Well, generally it's not true. You need to start the particle in a state where it's true and have conditions (at infinity) on the potential V that can keep the particle from escaping to [$]\infty[$].
Assuming all that (i.e., there are only bound state solutions), then for each such solution:
[$]|\psi(t,x)|^2[$] is the probability density for finding the particle at [$]x[$],
[$]\Rightarrow \int_{-\infty}^{\infty} |\psi(t,x)|^2 \, dx = 1[$]
[$]\Rightarrow \psi \rightarrow 0[$] as [$]x \rightarrow \pm\infty[$]
But, if V=0, then [$]\psi(t,x) = e^{\pm i \sqrt{c} x - i c t} [$] for say some positive c and you can see the problem. That would be a scattering state (aka a travelling wave), ignoring the problem that it's not normalizable. Many potentials V will allow similar behavior for [$]\psi[$] far away from the barrier. For example, if V is finite and "too shallow", then regardless of how you prepare the particle at t=0 (the initial condition), it might escape the region and become a scattering state that heads off to [$]\pm \infty[$].
Yes, demanding that [$]\psi[$] tapers off at the infinities is a bit rough-and-ready (I got it from Numerical Recipes (NR)) and it will not work as you say (also not numerically, more later). The mathematical details are missing. If you reason in probabilities then the solution will have compact support but is a bit of hand-waving.
One point is that these PDEs are travelling waves in possibly infinite domains. I looked up my QM notes from 1974 (lol) and found my solution for the time-independent Schroedinger equation with a rectangular potential barrier. Insightful.

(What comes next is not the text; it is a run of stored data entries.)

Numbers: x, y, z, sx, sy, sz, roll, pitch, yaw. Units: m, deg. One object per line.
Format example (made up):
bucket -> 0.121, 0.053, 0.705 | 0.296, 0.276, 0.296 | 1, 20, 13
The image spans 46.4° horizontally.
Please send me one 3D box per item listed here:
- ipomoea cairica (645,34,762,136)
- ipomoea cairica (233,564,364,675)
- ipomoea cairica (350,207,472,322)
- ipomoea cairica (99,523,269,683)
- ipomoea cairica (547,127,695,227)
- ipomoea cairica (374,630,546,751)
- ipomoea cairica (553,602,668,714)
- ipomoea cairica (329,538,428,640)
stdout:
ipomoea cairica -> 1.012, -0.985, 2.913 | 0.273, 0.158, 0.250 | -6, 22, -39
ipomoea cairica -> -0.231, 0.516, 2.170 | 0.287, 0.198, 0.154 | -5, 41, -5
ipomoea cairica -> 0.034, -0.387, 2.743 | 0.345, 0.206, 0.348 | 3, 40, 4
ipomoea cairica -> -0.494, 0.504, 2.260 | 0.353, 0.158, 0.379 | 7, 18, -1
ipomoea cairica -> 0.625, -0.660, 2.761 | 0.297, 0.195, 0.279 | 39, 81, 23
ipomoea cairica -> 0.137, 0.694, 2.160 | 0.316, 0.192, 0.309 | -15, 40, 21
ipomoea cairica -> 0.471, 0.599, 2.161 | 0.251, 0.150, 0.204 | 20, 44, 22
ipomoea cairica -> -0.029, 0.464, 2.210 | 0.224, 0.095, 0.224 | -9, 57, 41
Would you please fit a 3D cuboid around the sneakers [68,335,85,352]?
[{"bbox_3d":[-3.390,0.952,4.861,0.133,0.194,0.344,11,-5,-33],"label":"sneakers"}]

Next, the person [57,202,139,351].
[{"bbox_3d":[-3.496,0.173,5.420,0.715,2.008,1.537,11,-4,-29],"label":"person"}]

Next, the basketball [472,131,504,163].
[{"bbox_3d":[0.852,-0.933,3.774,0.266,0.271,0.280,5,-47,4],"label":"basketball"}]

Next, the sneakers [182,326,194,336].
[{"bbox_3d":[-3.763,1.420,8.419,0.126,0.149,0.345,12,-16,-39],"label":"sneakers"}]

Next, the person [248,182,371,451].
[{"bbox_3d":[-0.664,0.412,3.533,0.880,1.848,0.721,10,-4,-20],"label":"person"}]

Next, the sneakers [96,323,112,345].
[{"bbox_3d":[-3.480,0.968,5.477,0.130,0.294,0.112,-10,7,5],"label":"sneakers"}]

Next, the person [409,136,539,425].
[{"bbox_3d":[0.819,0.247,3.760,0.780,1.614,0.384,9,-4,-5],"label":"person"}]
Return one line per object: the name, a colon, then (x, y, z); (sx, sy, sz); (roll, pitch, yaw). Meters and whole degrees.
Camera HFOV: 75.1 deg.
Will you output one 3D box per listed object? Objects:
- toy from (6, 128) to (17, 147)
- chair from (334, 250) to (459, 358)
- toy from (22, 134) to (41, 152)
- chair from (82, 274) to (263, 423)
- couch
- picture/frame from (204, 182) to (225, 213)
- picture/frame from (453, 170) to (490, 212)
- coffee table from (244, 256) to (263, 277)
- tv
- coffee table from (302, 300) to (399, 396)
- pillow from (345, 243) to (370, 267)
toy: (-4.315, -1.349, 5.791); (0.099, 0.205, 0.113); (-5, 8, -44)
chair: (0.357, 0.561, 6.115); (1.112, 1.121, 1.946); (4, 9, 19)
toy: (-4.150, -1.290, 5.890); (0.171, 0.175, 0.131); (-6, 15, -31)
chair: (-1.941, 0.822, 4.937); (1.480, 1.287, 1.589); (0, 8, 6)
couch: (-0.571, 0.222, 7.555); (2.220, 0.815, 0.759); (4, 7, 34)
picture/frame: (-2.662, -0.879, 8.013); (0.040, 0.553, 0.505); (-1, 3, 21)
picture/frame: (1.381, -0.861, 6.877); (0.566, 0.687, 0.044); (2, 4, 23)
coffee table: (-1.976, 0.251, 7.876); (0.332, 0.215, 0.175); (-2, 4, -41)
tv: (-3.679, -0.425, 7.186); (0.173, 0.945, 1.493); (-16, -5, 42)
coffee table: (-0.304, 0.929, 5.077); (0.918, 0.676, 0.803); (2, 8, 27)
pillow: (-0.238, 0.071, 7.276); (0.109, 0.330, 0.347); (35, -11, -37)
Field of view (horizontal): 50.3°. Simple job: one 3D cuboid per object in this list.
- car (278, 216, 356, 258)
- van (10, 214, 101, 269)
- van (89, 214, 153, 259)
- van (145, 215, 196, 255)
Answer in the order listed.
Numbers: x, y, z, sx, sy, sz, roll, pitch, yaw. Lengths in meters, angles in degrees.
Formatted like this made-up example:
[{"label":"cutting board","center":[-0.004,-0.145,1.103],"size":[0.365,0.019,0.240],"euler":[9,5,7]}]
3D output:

For most problems we need numerical FDM and Absorbing BC it seems. So we want the travelling waves to pass through the artificial boundary with no reflection (like with non-quantum wave equation). This results in 2 1st order hyperbolic PDEs on the boundaries. Which PDE + BC can be solved using Crank Nicolson as mentioned in NR.

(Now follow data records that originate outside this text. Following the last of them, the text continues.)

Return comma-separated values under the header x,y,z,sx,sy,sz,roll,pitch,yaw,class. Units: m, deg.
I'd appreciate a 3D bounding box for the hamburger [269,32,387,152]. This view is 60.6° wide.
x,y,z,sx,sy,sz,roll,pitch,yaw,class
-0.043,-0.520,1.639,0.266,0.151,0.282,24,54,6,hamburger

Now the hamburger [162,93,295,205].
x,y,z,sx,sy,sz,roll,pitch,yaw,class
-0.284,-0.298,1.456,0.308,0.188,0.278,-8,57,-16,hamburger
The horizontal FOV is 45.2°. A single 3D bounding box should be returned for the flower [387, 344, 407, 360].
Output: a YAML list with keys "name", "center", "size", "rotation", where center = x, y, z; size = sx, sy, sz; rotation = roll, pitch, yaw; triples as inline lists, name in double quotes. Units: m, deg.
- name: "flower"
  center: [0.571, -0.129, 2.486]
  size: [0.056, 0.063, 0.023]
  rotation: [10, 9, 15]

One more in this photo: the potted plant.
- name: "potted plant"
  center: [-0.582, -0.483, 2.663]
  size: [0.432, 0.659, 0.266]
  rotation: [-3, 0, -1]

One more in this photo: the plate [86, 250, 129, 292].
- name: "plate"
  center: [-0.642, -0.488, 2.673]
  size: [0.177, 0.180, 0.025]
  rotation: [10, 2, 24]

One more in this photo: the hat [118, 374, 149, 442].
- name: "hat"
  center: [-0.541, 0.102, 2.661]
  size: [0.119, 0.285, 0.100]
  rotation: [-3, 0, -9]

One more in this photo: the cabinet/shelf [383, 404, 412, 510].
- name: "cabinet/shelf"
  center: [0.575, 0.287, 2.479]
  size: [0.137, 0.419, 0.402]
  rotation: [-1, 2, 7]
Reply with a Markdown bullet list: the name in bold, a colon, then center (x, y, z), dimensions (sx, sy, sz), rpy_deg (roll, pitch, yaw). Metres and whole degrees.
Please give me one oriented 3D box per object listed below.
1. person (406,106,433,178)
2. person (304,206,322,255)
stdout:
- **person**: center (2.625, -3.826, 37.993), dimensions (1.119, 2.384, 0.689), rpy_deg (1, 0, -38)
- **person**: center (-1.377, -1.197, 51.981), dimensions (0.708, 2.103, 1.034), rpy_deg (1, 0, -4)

I think that the infinite domain is truncated and the ABC is placed on the truncated boundaries? Would domain transformation not be a better option?
On a time-dependent interval [$](0, L(t))[$] using Landau transform [$] y = x/L(t)[$] to get a PDE with convection term on [$](0,1)[$]. The ABC is a "robust" (see Karpova et alia eq. (16) 1st order PDE. See
http://nanojournal.ifmo.ru/en/wp-conten ... P13-19.pdf
BTW equation (13) on RHS ->[$]\frac{\partial \psi}{\partial t}[$] should be [$]\frac{\partial \psi}{\partial y}[$]?
// These problems are somewhat more challenging than normal PDEs here.
// I'm seeing QM from a new perspective.